Plus de la moitié des participants aux essais développent des effets indésirables après avoir reçu l'annonce26.COV2.S
Environ 58 % des participants des cohortes 1a et 1b ont subi des événements indésirables locaux, tandis que 64 % d'entre eux ont également subi des événements indésirables systémiques. Parmi les participants de la cohorte 3, 27 % ont subi des événements indésirables locaux, tandis que 36 % ont souffert d'événements systémiques. Parmi les adultes en bonne santé âgés de 18 à 55 ans des cohortes 1a et 1b, 19 % ont eu de la fièvre, tandis que 4 % des adultes de plus de 65 ans de la cohorte 3 ont eu de la fièvre. 4 5 .

La plupart des fièvres ont été considérées comme légères ou modérées et se sont résolues dans les deux jours suivant la vaccination. Cependant, cinq pour cent (20) des participants des cohortes 1a et 1b ont souffert de fièvres de grade 3 de plus de 101,3°F. Les événements indésirables de grade 3 sont considérés comme des réactions graves. Ils ne sont qu'à un grade de "danger de mort" (grade 4) et à deux grades de "décès" (grade 5).4 5 6 7

Selon un reportage sur l'essai de la phase 1/2a de Johnson & Johnson, "deux événements indésirables graves ont été enregistrés. L'un des participants souffrait d'hypotension ; cependant, cet effet n'est pas lié à la vaccination car le participant avait des antécédents d'hypotension.
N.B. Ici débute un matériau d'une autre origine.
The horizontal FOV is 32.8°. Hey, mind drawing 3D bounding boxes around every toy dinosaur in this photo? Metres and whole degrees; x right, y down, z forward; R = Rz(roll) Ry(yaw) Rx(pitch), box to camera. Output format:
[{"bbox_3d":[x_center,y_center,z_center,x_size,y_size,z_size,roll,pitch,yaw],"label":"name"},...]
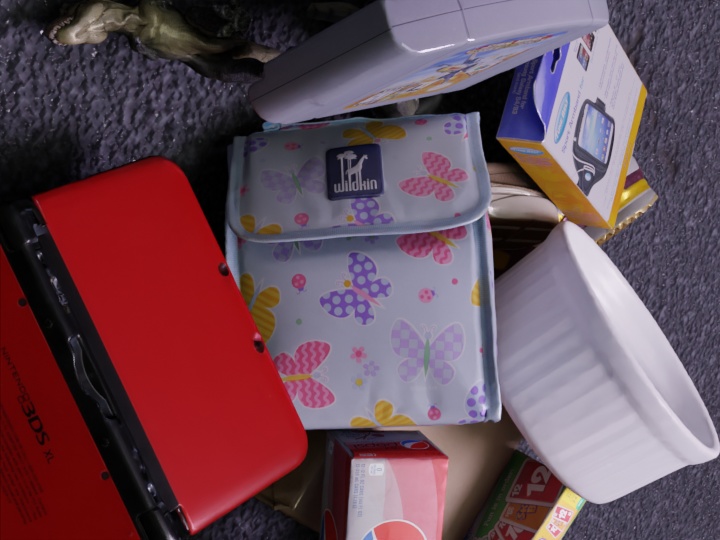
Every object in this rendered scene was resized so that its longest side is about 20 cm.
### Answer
[{"bbox_3d":[0.012,-0.149,0.827,0.200,0.047,0.088,54,38,-58],"label":"toy dinosaur"},{"bbox_3d":[-0.082,-0.132,0.726,0.200,0.088,0.048,11,89,-44],"label":"toy dinosaur"}]

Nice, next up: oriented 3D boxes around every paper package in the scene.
[{"bbox_3d":[0.020,0.115,0.929,0.200,0.103,0.191,40,80,-44],"label":"paper package"}]

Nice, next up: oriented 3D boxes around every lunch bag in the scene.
[{"bbox_3d":[0.000,0.000,0.780,0.127,0.169,0.201,72,16,-82],"label":"lunch bag"}]

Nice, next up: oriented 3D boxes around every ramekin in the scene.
[{"bbox_3d":[0.167,0.072,0.899,0.098,0.201,0.200,-34,138,17],"label":"ramekin"}]

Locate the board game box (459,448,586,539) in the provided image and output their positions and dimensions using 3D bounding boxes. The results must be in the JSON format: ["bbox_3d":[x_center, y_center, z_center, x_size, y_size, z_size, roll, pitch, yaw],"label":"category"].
[{"bbox_3d":[0.104,0.186,0.986,0.030,0.200,0.096,36,84,-17],"label":"board game box"}]

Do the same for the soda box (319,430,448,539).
[{"bbox_3d":[0.009,0.209,0.808,0.070,0.063,0.201,1,99,-17],"label":"soda box"}]

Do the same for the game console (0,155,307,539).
[{"bbox_3d":[-0.154,0.060,0.683,0.200,0.172,0.119,65,13,-1],"label":"game console"}]

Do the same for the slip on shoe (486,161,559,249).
[{"bbox_3d":[0.058,-0.057,0.913,0.199,0.076,0.061,1,65,-25],"label":"slip on shoe"}]

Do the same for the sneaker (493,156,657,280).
[{"bbox_3d":[0.140,-0.037,1.007,0.200,0.090,0.075,-32,172,-5],"label":"sneaker"}]

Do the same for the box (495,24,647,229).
[{"bbox_3d":[0.154,-0.119,0.886,0.200,0.041,0.119,34,70,-56],"label":"box"}]

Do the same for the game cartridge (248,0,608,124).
[{"bbox_3d":[0.049,-0.129,0.693,0.200,0.133,0.042,-19,94,-45],"label":"game cartridge"}]

Un autre participant ayant de la fièvre a été hospitalisé comme cas suspect de COVID-19 ; cependant, la fièvre a disparu dans les 12 heures".5

Les effets indésirables les plus fréquents rencontrés par les participants à l'essai étaient la douleur au point d'injection, la fatigue, les maux de tête et la myalgie (douleur musculaire).4 5

Ad26.COV2.S utilise la technologie AdVac pour transporter le code génétique du SRAS-CoV-2 dans les cellules
Le 20 mars, Johnson& Johnson a annoncé qu'elle avait reçu 1 milliard de dollars de la Biomedical Advanced Research and Development Authority (BARDA) du ministère américain de la santé et des services sociaux (HHS) pour développer un vaccin COVID-19 vectorisé par un advenovirus en utilisant la technologie AdVac de J&J et le PER.C6, une lignée cellulaire obtenue par transformation de cellules épithéliales rétiniennes embryonnaires avec le gène de la région E1 de l'adénovirus humain de type 5, pour la production.8

Le vaccin Ad26.COV2.S de J&J combine le matériel génétique du virus du SRAS-CoV-2 qui provoque le COVID-19 avec un adénovirus qui provoque le rhume mais qui aurait été génétiquement modifié de sorte qu'il ne peut plus se répliquer et provoquer la maladie. L'adénovirus "désarmé" agit comme un vecteur, transportant le code génétique du virus du SRAS-CoV-2 dans les cellules humaines et est censé apprendre au système immunitaire à créer des anticorps pour attaquer les "protéines de pointe" du SRAS-CoV-2 qui permettent au virus d'infecter les cellules.1 3 9

Cette technologie d'adénovirus recombinant, connue sous le nom d'AdVac, a été utilisée pour produire le vaccin Ebola de Johnson & Johnson, qui a été approuvé par la Commission européenne (CE) le 1er juillet 2020. Les responsables de J&J ont déclaré que les premiers lots d'un vaccin COVID-19 pourraient être disponibles pour une autorisation d'utilisation d'urgence au début de 2021.» par Marcos Caceres (Traduction DeepL)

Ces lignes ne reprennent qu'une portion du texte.